Fournet explained that the checks are usually well above the listed price, and the scammer asks for the extra back in cash.

“They don’t ever come pick up the boat of course, but they’re getting $2,000 out of the deal. They’ll usually offer a little more for your trouble,” he said. “People fall for that all the time.

“They usually can’t spell, their stories are all jacked up, it’s usually an out of state number.”

He also warns residents to be aware of Square lookalike card scanners on phones, gas pump skimmers and fake sleeves on the outside of night deposits. None of those have been reported yet in Port Neches, he said, but he is aware of gas pump skimmers found in Beaumont and a night deposit sleeve reported in Port Arthur.
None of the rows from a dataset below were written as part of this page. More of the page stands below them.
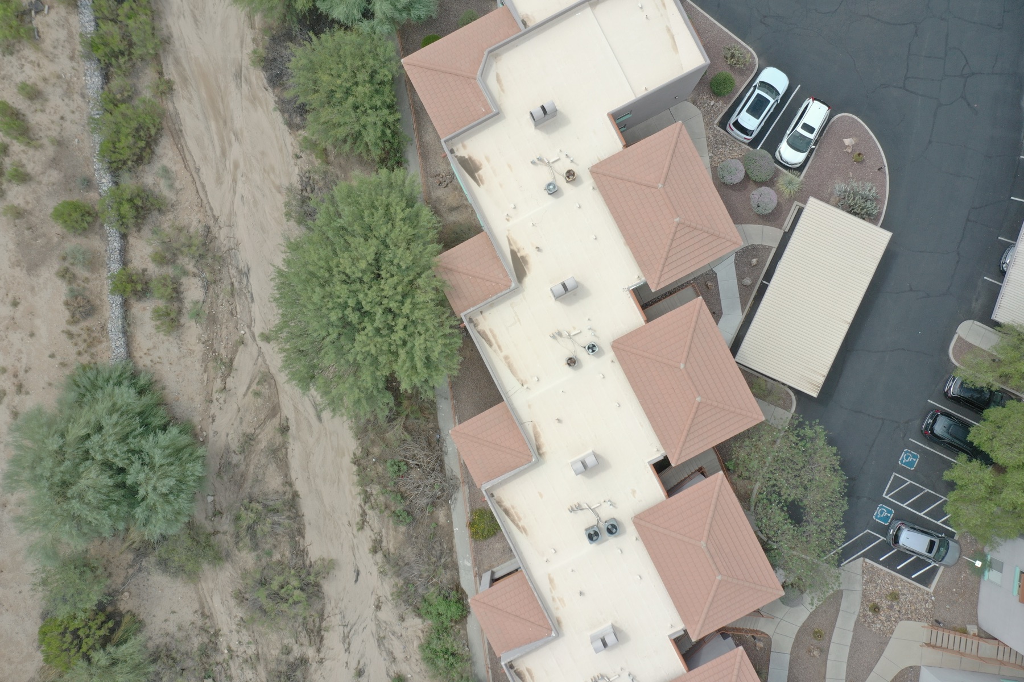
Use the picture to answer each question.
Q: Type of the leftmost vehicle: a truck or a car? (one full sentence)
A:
The leftmost vehicle in the image is a car.
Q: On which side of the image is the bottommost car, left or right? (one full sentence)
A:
You can find the bottommost car on the right side of the picture.
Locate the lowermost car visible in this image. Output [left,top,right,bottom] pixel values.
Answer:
[879,518,961,571]
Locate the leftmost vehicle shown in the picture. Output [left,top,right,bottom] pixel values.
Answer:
[725,67,786,149]
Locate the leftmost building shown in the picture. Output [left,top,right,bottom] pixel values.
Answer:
[401,0,787,682]
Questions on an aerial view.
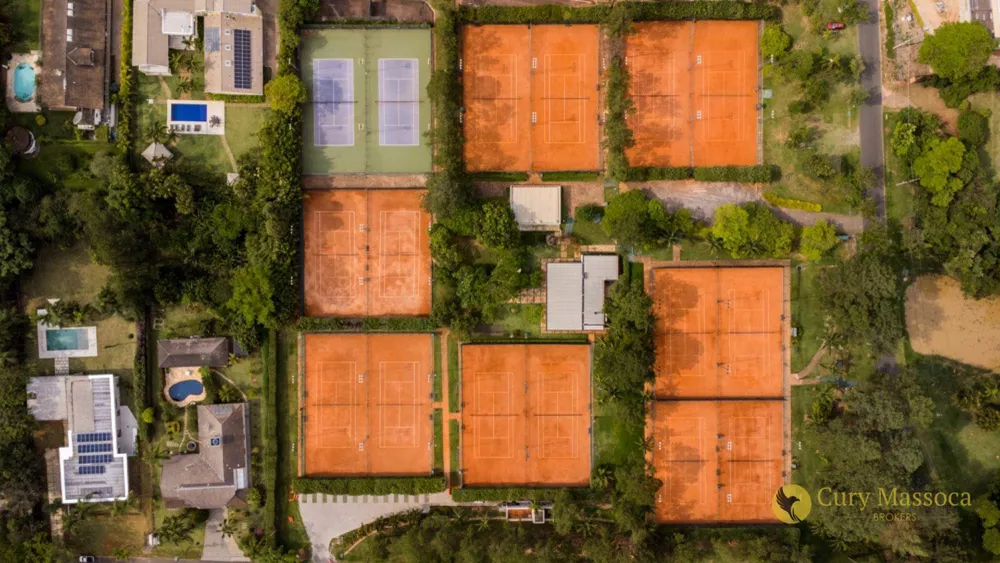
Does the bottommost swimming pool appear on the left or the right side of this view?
left
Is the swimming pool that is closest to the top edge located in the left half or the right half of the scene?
left
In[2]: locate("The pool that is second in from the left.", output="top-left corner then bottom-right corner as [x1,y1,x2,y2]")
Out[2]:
[37,318,98,358]
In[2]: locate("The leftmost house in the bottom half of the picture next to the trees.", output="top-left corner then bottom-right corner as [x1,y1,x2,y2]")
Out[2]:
[27,374,140,503]
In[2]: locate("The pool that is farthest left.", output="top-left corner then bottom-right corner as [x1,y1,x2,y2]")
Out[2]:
[7,50,41,112]
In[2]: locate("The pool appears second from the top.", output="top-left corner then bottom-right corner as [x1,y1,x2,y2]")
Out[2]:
[167,100,225,135]
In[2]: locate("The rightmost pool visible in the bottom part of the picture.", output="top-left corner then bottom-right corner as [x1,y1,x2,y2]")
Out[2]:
[163,367,206,407]
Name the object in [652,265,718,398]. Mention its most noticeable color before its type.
orange tennis court
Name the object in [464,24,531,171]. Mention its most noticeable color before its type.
orange tennis court
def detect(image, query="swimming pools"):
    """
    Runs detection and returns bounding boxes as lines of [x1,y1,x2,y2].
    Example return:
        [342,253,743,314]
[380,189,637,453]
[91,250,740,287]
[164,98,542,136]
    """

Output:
[167,100,225,135]
[163,367,206,407]
[7,50,41,112]
[37,318,98,358]
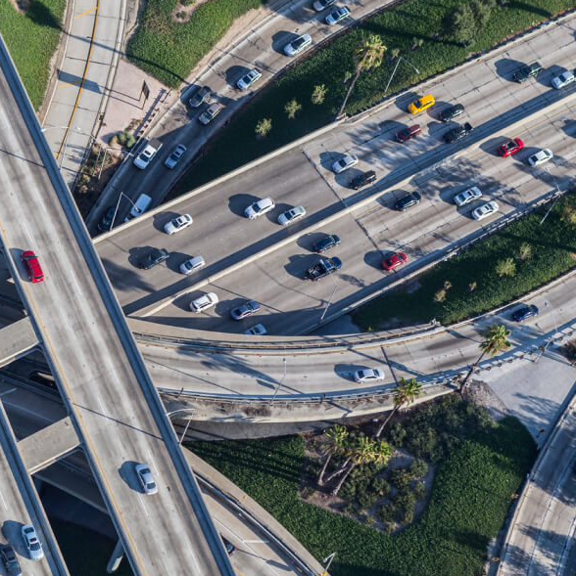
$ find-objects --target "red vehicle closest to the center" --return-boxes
[379,251,408,272]
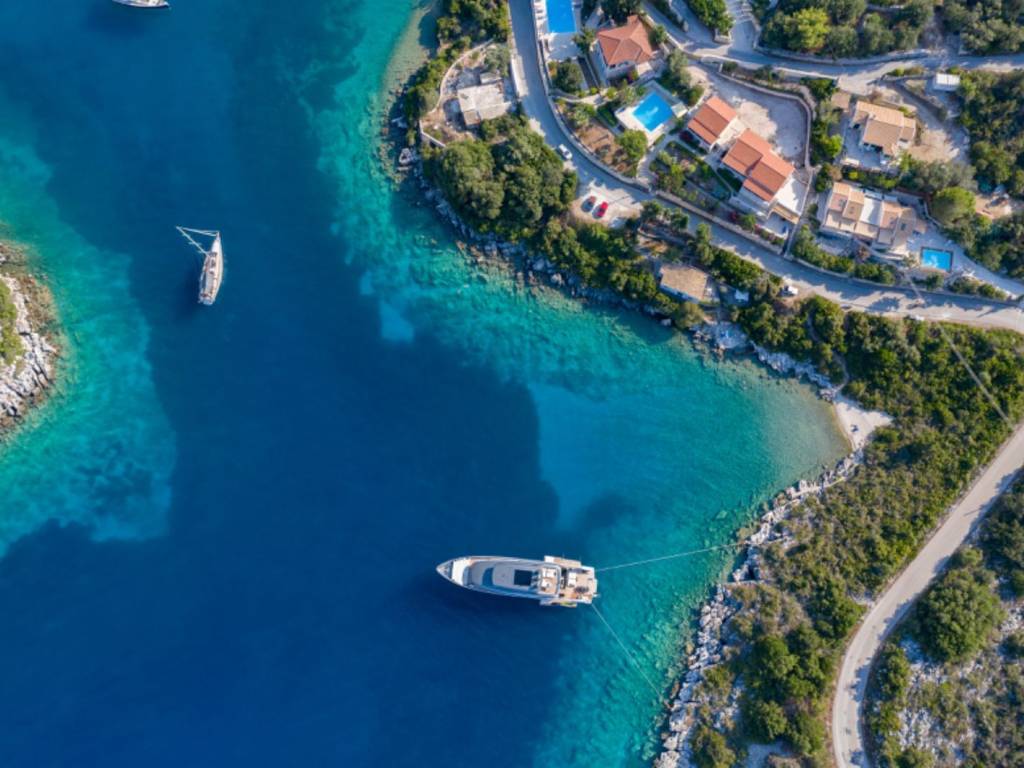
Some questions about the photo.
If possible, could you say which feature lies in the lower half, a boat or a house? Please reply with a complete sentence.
Looking in the lower half, you will find a boat.
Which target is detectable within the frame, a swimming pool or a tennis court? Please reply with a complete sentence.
It is a swimming pool that can be seen here.
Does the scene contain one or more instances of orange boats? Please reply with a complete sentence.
No, no orange boat is visible in the view.
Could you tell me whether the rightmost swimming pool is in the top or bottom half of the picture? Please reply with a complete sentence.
The top half of the photo is where the rightmost swimming pool is.
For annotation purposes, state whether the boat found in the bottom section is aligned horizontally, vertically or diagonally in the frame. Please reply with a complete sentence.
The boat found in the bottom section runs horizontally in the image.
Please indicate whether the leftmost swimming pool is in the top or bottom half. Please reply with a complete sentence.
Seen from above, the leftmost swimming pool lies in the top half of the view.
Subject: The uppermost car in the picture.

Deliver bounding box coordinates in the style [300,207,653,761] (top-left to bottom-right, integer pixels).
[558,144,572,161]
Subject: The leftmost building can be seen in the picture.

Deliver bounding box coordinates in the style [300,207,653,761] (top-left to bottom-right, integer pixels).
[458,73,511,128]
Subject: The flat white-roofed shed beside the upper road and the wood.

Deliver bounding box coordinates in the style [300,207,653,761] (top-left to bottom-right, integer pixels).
[931,73,960,92]
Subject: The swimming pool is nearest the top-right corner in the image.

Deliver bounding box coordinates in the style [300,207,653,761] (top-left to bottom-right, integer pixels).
[915,244,957,278]
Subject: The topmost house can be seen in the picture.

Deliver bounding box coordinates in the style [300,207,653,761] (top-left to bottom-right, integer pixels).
[597,16,653,81]
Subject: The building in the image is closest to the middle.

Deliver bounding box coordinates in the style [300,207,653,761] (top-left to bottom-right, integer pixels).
[660,266,707,301]
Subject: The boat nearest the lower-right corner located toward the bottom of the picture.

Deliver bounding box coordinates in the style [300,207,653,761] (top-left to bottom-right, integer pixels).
[436,555,598,607]
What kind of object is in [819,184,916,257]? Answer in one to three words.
house
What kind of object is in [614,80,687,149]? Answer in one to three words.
swimming pool
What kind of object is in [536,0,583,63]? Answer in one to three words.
swimming pool
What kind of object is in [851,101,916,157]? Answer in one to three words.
house
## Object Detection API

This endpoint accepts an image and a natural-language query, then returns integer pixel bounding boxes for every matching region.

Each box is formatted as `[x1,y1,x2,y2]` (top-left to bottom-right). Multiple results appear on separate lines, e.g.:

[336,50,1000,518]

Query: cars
[597,202,608,219]
[558,144,572,161]
[586,194,597,211]
[909,312,924,322]
[782,285,800,296]
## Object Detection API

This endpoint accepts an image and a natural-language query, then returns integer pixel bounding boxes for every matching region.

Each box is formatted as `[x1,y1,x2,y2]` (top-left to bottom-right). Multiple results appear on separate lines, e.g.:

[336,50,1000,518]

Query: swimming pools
[536,0,583,63]
[915,244,957,278]
[614,80,687,149]
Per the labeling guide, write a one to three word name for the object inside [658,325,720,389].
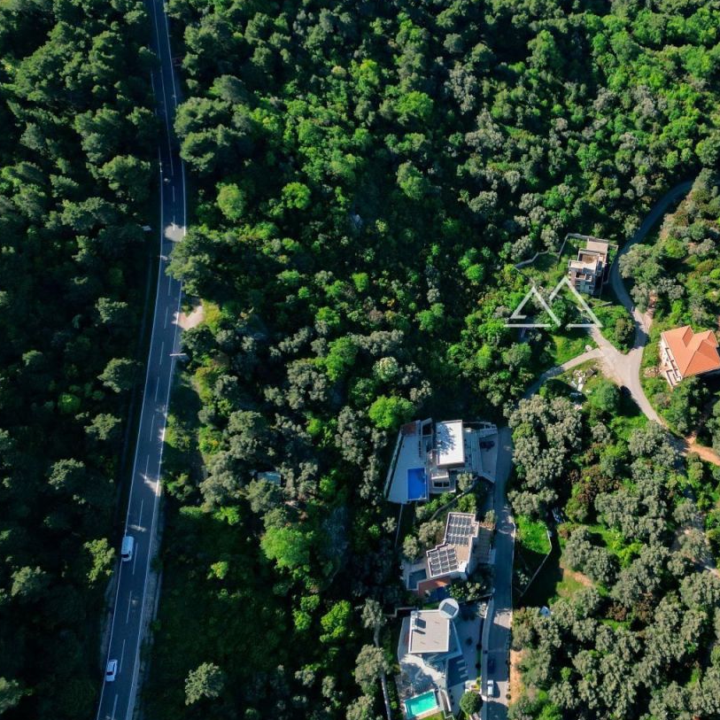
house
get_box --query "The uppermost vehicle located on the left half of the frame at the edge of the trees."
[121,536,136,560]
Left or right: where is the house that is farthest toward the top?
right
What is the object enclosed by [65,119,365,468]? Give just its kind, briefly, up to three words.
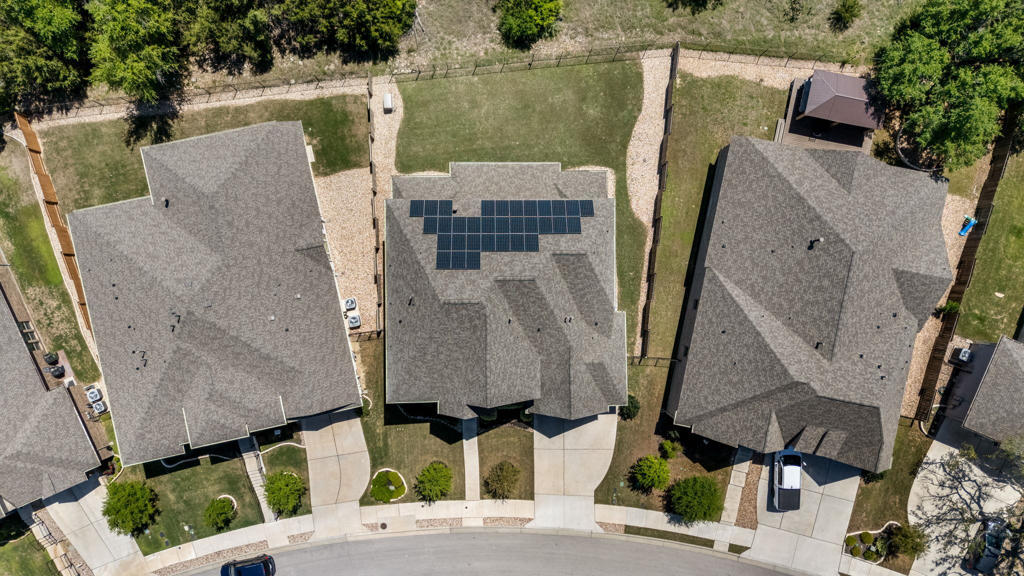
house
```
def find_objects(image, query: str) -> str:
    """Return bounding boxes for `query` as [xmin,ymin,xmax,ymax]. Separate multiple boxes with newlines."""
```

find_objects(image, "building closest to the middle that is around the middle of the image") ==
[384,161,628,419]
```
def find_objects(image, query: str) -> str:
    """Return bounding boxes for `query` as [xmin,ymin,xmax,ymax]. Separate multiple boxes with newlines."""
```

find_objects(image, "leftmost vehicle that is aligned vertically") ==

The top identity theft scams reported to the Better Business Bureau involve tax return fraud, misleading debt collectors, malware-infected mobile devices, social media and medical records, according to the BBB website.

“Virtually anyone can become a victim of identity theft. The key is to do all you can to prevent it by protecting your personal information,” said Jay Sheppard, Dispute Resolution director at the Better Business Bureau Serving Southeast Texas. “Consumers should also be in the habit of constantly monitoring their accounts. In turn, if a breach is detected, immediate steps towards recovery can be taken.”

The BBB recommends placing a fraud alert on your credit reports, filing an identity theft report with local police, closing affected accounts and filing a complaint with the Federal Trade Commission.